The Monetary Authority of Singapore has continued setting global benchmarks for digital asset regulation. The new Digital Token Service Provider framework has established standards that other jurisdictions are studying for their own regulatory approaches. The launch of the Singapore Payments Network and operationalization of Project Nexus are turning cross-border interoperability from theoretical concepts into practical reality.
Project Nexus has connected Singapore with Thailand, Indonesia, and Malaysia, facilitating seamless transactions across ASEAN member states. The initiative expanded from five founding central banks to nine participants, adding Vietnam, Brunei, Laos, and Cambodia to the Regional Payment Connectivity initiative. Eight national QR payment systems are now interconnected, dramatically reducing friction in cross-border commerce.
Brunei Darussalam has identified fintech as a key driver in increasing the financial sector's contribution to eight percent of GDP by 2035, up from five-point-six percent in 2020, according to the nation's Financial Sector Blueprint. The country has established a Fintech Regulatory Sandbox enabling qualified companies to trial products in flexible regulatory environments for limited periods within set boundaries.

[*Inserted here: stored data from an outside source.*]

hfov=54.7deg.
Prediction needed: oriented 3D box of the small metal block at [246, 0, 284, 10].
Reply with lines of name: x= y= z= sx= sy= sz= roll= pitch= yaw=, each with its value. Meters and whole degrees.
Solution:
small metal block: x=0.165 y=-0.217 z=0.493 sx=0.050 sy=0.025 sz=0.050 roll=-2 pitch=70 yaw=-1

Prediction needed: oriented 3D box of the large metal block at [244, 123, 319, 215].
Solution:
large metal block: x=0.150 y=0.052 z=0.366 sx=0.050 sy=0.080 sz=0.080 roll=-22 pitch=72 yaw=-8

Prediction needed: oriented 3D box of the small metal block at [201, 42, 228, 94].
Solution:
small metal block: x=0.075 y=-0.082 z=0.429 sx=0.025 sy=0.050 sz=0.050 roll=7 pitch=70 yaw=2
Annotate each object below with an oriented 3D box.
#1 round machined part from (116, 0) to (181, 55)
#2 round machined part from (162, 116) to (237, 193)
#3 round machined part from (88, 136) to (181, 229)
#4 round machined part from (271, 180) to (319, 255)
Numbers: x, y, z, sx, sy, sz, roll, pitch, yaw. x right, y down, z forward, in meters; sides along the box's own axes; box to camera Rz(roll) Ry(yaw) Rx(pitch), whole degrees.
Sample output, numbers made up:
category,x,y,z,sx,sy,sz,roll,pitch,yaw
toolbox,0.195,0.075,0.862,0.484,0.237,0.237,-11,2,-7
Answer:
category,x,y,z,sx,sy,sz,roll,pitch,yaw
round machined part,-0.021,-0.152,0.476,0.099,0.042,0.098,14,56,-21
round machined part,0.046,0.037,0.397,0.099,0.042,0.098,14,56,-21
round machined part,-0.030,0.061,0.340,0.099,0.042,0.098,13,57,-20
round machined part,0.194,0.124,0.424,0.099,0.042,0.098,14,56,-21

Bank Islam Brunei Darussalam has committed to full digital transformation, with senior officials emphasizing that enhanced systems will modernize operations and adopt the highest global standards for safety, security, and availability by 2025. These advancements will help BIBD expand and synchronize operations outside Brunei, extending the bank's regional footprint.
Brunei's Deputy Minister of Finance and Economy noted at recent forums that the country is seeing rapid advancements in fintech, with increased adoption of digital insurance, mobile payments, and cashless transactions in both public and private sectors. More businesses are accepting cashless payments beyond debit and credit cards, including QuickPay, Progresif Pay, and Pocket, transforming the commercial landscape.
The high ratio of foreign workers in Brunei, approximately one hundred thousand accounting for about twenty-three percent of total population, provides substantial market opportunity for low-cost digital remittance solutions. This demographic characteristic positions fintech companies to address significant unmet demand for affordable international money transfer services.
Singapore has strengthened its position as Southeast Asia's AI investment hub, drawing one-point-three-one billion dollars in private AI funding between the second half of 2024 and first half of 2025, representing fifty-five percent of all ASEAN-10 AI investment. Revenue from apps marketing AI features almost doubled over the same period, reflecting strong commercial traction.
AI adoption is deeply embedded in everyday behavior across Singapore. Sixty-five percent of users interact with AI tools daily, and eighty-nine percent are willing to grant data access to AI agents. This high level of trust makes Singapore an attractive launch market for agentic AI and AI-powered financial products that require substantial user data to function effectively.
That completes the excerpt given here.